The Monty hall problem... I have something nice for you to think about. Lets bring the quizmaster back and 3 new doors. Today there are 2 guests, its me and it is you. You get asked to pick the first door and after you picked yours i pick mine... You choose 1 and i choose for 3. At this moment we both have 33% chance to have the right door, as you and i could stand before a bad or good door, even when you choose first... Door number 2 is opend and behind door 2, there is no new car to be found. Now tell me... Why would it be not good for me to switch and only for you?
If you watched the video, you'd know the answer to this misguided question. The host *must know* what door you have selected and cannot be allowed to open a door which you have selected. If there are two people selecting doors, now this impossible satisfy - as if we both pick incorrect doors, then the host cannot reveal any door. Think about your ill-contrived scenario, where I choose door 1 and you choose door 3. Why does the host reveal door 2? Is door 2 incorrect? This is a completely different scenario. Your proposal only works if you disregard the host's role, which requires they act with knowledge of your selection, which is now no longer the Monty Hall problem at all.
At 1:23, there is no need in the MHP for a rule preventing the host from revealing the prize. This is superfluous, since in the MHP he has not.
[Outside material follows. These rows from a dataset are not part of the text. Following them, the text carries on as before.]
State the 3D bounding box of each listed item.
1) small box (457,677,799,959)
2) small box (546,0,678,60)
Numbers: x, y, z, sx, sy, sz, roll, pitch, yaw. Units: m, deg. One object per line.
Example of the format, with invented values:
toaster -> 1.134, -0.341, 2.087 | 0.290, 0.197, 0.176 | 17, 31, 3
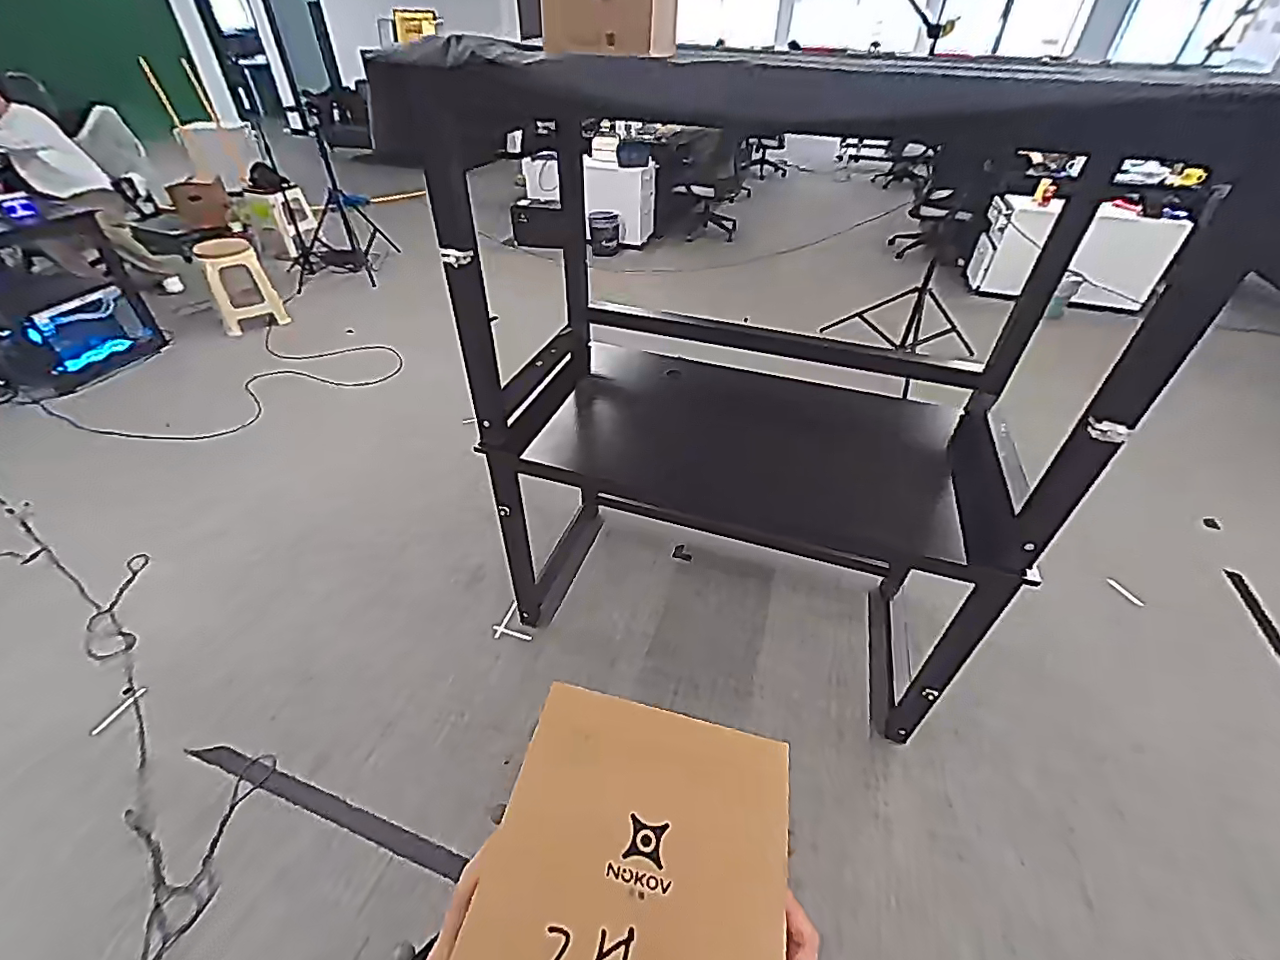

Also, at 1:42 there is no need for a rule preventing the host from revealing the chosen door. Again, in the MHP he has not. However, these rules ARE needed in coding your simulation at 5:11. Here, they are necessary to tell the program which scenario to analyze and prevent it analyzing the wrong scenarios. There is no need for these rules in the contestant's calculation of the probability. A prerequisite for this calculation is that the host knows what is behind the doors, which you imply throughout but do not stipulate.
This makes no sense, as the host can know which doors contain what and still decide to open your door or the prize door. If there's nothing preventing the host from doing so, your odds are not 2/3. In fact, if the host opens the door you chose, you don't even get to decide whether you want to switch doors or not.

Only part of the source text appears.